Do lado das casas lotéricas, a argumentação

é que grande parte da movimentação financeira se dá pelos recebimentos de contas, que dão às empresas uma tarifa. Para receber o depósito em conta corrente ou em poupança, o dono da casa lotérica deve receber R$ 0,30 por transação.

Em contrapartida, os trabalhadores em casas lotéricas não vão receber nem um centavo a mais pelo serviço prestado. O Seaac afirma que o piso da categoria, de R$ 260,00 por oito horas de trabalho, deveria ser revisto pelo próprio aumento de responsabilidade dos lotéricos.

Atualmente, Bauru tem 18 casas lotéricas que concentram 50 funcionários. A base do sindicato soma 100 empresas com 300 lotéricos, na região que concentra 62 cidades.

Serviços de banco poderão parar nas farmácias

Desde 1992, a CEF passou para as casas lotéricas a responsabilidade de receber contas de água, telefone e luz. Com a resoluçãodo Conselho Monetário Nacional (CMN), as instituições bancárias podem fazer convênios com supermercados, farmácias, postos de gasolina, enfim, com todos os tipos de comércio para o recebimento de depósitos.

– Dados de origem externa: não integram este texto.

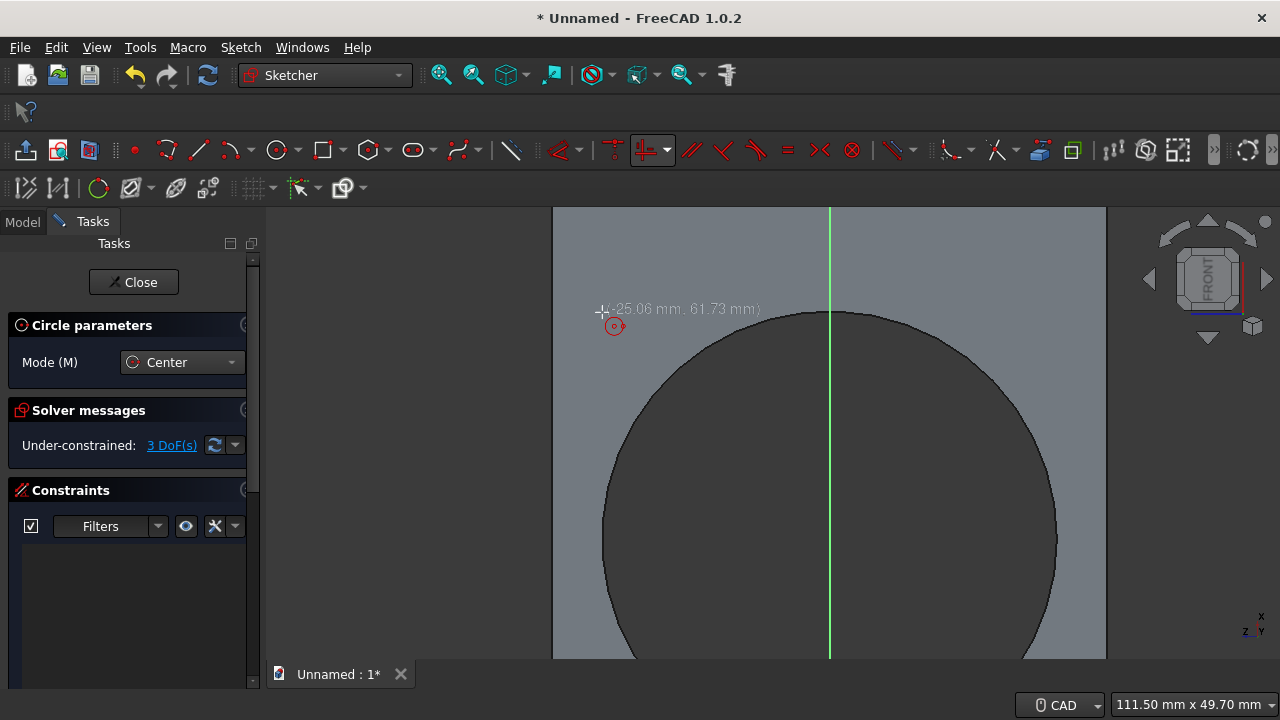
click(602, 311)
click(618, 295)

Wanglei Rodrigues Taú, 32 anos, gerente de mercado da CEF, conta que o banco estuda a implantação de um sistema que atuasse no sentido contrário do vigente, ou seja, na medida em que vão entrar recursos nas casa lotéricas, também poderia ser autorizada o saque nestas mesmas empresas.

"No passado, os clientes que tinham cheque especial da Caixa podia sacar o cheque na lotérica", lembra.

Esta resolução do CMN, primeiramente, dava a liberdade de contratação apenas às cidades que não tinham agência bancária, mas depois esta exigência foi questionada. A CEF alega que, quem não usa banco, não o faz porque se sente constrangido para fazer um depósito naquele local. "O ambiente bancário é inibidor desta prática, por conta da sua aparência, da suntuosidade das suas instalações", assume o gerente de mercado da CEF.

A aparência dos bancos, aliás, gera outra crítica do sindicato que representa os lotéricos na região. Lázaro José Eugênio Pinto, 25 anos, presidente do Seaac, compara a segurança instalada nas agências bancárias com a exposição dos caixas lotéricos:

"Para entrar em um banco, você não pode nem estar com o celular. Imagina só nas casa lotéricas, que têm que ficar expostas para vender os produtos".

O sindicato questiona apenas a forma com que este repasse de trabalho está sendo feito. Pinto afirma que, na mesa-redonda feita no Ministério do Trabalho e Emprego, foi solicitado que a CEF faça um tipo de treinamento com os lotéricos, mas até agora não houve nenhuma resposta da instituição bancária. Na mesma reunião, o Comando da Polícia Militar se comprometeu a fazer um estudo de viabilidade para fazer rondas mais freqüentes nas casas lotéricos. Quem quiser segurança própria, terá que contratá-la particularmente.

Bancários questionam terceirização

Além do sindicato que representa os lotéricos, o Sindicato dos Bancários e Financiários de Bauru e Região contesta a atitude da Caixa Econômica Federal

(CEF) de autorizar o recebimento de depósitos dos correntistas na Justiça do Trabalho.

Sérgio Luiz Ribeiro, 35 anos, advogado do sindicato, argumenta que a instituição está, na verdade, terceirizando sua atividade principal, que é a captação de recursos.

O sindicato entrou com uma denúncia no Ministério Público do Trabalho sobre as ações da CEF e a caracterização deste serviço. O MP pode ajuizar uma ação civil pública, mas, se isso não acontecer, o próprio sindicato tomará esta atitude. "É uma questão de princípio, que as atividades bancárias sejam realizadas por bancários", explica Ribeiro.